Source data:
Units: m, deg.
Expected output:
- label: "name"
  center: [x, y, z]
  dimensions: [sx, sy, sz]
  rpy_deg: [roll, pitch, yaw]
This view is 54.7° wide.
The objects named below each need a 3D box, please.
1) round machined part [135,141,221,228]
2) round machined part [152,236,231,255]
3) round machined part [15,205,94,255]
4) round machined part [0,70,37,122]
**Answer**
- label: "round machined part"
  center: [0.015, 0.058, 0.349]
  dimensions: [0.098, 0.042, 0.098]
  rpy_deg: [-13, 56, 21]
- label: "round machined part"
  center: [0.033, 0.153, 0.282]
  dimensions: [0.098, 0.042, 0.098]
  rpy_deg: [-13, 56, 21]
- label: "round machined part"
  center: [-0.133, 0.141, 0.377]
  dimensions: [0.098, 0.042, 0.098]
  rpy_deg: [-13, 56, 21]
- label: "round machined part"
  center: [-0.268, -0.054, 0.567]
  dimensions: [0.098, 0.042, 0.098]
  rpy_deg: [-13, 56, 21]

Work instruction -> Reproduce every line of the entries above, unchanged, from the very first one down to and including the line containing "4) round machined part [0,70,37,122]".

Result below ->
Units: m, deg.
Expected output:
- label: "name"
  center: [x, y, z]
  dimensions: [sx, sy, sz]
  rpy_deg: [roll, pitch, yaw]
This view is 54.7° wide.
The objects named below each need a 3D box, please.
1) round machined part [135,141,221,228]
2) round machined part [152,236,231,255]
3) round machined part [15,205,94,255]
4) round machined part [0,70,37,122]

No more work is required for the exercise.